Question

The focal length of a concave mirror is $f$ and the distance from the object to the principal focus is $x$. The ratio of the size of image to the size of object is:
(A) $\dfrac{{f + x}}{f}$
(B) $\dfrac{f}{x}$
(C) $\sqrt {\dfrac{f}{x}}$
(D) $\dfrac{{{f^2}}}{{{x^2}}}$

Answer 1

To solve this question we need to use the mirror equation. From there we can easily find the image distance, which can be put in the magnification formula to get the final answer.
Formula used: The formulas used in solving this problem are:
where $f =$focal length of the mirror, $v =$the distance of the image from the pole of the mirror and $u =$the distance of the object from the pole of the mirror
$\Rightarrow m = - \dfrac{v}{u}$, where m is the magnification

Complete step by step answer:
The mirror equation is given as
$\Rightarrow \dfrac{1}{f} = \dfrac{1}{v} + \dfrac{1}{u}$ (1)

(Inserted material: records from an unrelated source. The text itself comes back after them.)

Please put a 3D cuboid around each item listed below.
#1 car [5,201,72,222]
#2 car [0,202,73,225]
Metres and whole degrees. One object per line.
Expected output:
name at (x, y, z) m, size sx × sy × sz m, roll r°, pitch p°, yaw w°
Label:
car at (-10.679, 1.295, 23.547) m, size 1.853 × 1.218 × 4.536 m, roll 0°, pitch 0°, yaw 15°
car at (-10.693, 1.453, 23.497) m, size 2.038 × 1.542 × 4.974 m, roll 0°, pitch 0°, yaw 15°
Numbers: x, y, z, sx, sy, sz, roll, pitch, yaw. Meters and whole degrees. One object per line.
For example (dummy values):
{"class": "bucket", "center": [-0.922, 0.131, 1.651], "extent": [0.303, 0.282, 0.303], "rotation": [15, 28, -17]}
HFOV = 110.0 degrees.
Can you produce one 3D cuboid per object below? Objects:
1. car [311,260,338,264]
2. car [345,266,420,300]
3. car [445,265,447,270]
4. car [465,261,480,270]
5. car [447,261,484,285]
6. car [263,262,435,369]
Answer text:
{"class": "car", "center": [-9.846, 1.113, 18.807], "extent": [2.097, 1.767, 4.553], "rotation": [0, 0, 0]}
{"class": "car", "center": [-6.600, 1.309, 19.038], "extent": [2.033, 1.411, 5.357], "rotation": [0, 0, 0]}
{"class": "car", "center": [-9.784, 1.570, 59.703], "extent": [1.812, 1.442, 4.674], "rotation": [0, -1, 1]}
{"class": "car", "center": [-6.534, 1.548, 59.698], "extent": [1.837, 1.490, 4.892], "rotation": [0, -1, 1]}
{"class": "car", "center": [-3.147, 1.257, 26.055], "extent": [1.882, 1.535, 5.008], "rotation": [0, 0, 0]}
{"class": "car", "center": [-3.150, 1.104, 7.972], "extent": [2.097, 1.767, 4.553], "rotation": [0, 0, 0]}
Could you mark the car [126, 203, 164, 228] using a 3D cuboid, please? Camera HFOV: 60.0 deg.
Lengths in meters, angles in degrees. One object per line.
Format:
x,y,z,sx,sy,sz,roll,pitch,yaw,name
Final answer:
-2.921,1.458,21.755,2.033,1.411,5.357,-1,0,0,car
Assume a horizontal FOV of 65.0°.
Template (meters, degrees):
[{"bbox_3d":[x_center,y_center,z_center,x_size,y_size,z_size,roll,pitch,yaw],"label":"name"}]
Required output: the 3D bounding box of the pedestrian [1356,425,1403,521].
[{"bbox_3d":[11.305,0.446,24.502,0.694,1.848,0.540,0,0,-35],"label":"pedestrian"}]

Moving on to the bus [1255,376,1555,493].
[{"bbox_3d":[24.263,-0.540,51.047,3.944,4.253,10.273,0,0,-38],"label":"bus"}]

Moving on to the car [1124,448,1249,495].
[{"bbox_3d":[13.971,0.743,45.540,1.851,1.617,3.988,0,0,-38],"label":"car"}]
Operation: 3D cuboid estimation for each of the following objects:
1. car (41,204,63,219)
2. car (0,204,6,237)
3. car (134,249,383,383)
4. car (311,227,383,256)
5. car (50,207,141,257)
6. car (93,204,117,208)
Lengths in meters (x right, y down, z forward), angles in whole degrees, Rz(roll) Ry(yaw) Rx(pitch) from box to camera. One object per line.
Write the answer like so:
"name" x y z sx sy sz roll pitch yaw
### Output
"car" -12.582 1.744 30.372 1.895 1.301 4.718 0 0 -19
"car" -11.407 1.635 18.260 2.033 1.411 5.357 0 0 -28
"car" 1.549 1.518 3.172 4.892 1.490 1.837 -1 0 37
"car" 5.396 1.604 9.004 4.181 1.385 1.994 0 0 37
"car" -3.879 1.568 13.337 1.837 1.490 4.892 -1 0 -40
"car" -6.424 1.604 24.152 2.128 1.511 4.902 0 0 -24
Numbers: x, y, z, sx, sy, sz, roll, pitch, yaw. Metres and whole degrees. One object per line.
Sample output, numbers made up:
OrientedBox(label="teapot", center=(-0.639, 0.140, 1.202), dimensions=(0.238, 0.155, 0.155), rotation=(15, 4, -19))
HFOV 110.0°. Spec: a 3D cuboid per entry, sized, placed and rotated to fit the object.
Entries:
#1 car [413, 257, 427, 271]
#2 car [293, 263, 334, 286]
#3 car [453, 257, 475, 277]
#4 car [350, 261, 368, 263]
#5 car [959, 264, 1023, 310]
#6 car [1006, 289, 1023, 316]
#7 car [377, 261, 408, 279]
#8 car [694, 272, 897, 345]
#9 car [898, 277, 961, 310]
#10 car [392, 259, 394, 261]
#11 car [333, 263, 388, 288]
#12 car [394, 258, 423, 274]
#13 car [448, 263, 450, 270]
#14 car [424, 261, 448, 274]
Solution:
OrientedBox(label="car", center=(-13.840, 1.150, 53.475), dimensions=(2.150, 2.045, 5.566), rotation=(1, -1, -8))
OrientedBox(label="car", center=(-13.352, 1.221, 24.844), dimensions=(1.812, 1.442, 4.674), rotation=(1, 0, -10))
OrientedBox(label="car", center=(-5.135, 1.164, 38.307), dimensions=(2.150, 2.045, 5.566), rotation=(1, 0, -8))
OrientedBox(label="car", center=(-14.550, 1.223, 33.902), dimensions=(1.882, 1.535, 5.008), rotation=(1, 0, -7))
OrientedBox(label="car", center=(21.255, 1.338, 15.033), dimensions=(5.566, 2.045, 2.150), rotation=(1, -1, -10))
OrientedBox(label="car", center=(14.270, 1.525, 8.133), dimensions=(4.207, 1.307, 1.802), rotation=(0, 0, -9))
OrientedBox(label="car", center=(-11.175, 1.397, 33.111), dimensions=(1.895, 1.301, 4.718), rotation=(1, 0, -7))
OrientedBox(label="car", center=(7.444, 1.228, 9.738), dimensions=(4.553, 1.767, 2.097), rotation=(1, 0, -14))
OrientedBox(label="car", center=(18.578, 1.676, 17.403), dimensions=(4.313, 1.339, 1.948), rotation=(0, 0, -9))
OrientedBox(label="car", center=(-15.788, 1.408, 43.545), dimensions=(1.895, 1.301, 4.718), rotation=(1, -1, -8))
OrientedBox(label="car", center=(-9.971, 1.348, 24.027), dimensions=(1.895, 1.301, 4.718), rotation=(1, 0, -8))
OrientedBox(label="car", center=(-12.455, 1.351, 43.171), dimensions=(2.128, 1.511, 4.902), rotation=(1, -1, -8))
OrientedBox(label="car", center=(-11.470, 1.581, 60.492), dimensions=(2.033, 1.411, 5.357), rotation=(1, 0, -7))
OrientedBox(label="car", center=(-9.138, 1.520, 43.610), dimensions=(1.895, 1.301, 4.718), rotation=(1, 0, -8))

According to the question, we have our object $x$ distance from the principal focus F, as shown in the figure above.
From the above figure,
$\Rightarrow u = (f + x)$, $f = f$
As the mirror is concave, both these distances have to be taken as negative as per the Cartesian sign convention.
$\Rightarrow \therefore f = - f$and$u = - (f + x)$
Substituting these in the mirror equation (1)
$\Rightarrow - \dfrac{1}{f} = \dfrac{1}{v} - \dfrac{1}{{(f + x)}}$
$\Rightarrow \dfrac{1}{v} = \dfrac{1}{{(f + x)}} - \dfrac{1}{f}$
Taking LCM
$\Rightarrow \dfrac{1}{v} = \dfrac{{f - (f + x)}}{{f(f + x)}}$
$\Rightarrow \dfrac{1}{v} = \dfrac{{ - x}}{{f(f + x)}}$
Taking reciprocal, we get
$\Rightarrow v = - \dfrac{{f(f + x)}}{x}$
We know from the magnification formula
$\Rightarrow m = - \dfrac{v}{u}$
Substituting $v = - \dfrac{{f(f + x)}}{x}$and $u = - (f + x)$
$\Rightarrow m = - \left( {\dfrac{{\dfrac{{ - f(f + x)}}{x}}}{{ - (f + x)}}} \right)$
$\Rightarrow m = - \dfrac{f}{x}$ (2)
We know that magnification is the ratio of the height of the image to the height of the object, i.e.
$\Rightarrow m = \dfrac{I}{O}$ (3)
From (2) and (3)
$\Rightarrow \dfrac{I}{O} = - \dfrac{f}{x}$
The negative sign indicates that the image formed is inverted. Ignoring the negative sign, we get
$\Rightarrow \dfrac{I}{O} = \dfrac{f}{x}$
Hence the correct answer is option (B); $\dfrac{f}{x}$.

Additional Information
We have another optical instrument in ray optics called a lens. The corresponding relation between $f,$ $v$ and $u$, called the lens formula is given by
$\Rightarrow \dfrac{1}{f} = \dfrac{1}{v} - \dfrac{1}{u}$
And the corresponding formula for the magnification is given by the relation
$\Rightarrow m = \dfrac{v}{u}$

Note:
Proper care of the sign convention is to be taken while substituting the values of $f$,$u$ or $v$ in the mirror equation. All the distances are measured from the pole of the mirror. All the distances in the direction of the incident light are taken as positive, while those opposed to the direction of incident light are taken as negative.